§ BRIEF
The records need to be set down again exactly as they appear.

····················

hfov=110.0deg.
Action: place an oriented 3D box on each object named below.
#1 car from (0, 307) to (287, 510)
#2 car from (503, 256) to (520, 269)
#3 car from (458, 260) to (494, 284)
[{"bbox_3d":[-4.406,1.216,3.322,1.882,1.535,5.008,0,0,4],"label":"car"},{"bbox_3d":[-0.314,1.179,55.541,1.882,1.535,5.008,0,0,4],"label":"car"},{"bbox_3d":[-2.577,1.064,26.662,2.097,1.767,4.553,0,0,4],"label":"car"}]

····················

§ OUTPUT OF THE EXERCISE
hfov=110.0deg.
Action: place an oriented 3D box on each object named below.
#1 car from (0, 307) to (287, 510)
#2 car from (503, 256) to (520, 269)
#3 car from (458, 260) to (494, 284)
[{"bbox_3d":[-4.406,1.216,3.322,1.882,1.535,5.008,0,0,4],"label":"car"},{"bbox_3d":[-0.314,1.179,55.541,1.882,1.535,5.008,0,0,4],"label":"car"},{"bbox_3d":[-2.577,1.064,26.662,2.097,1.767,4.553,0,0,4],"label":"car"}]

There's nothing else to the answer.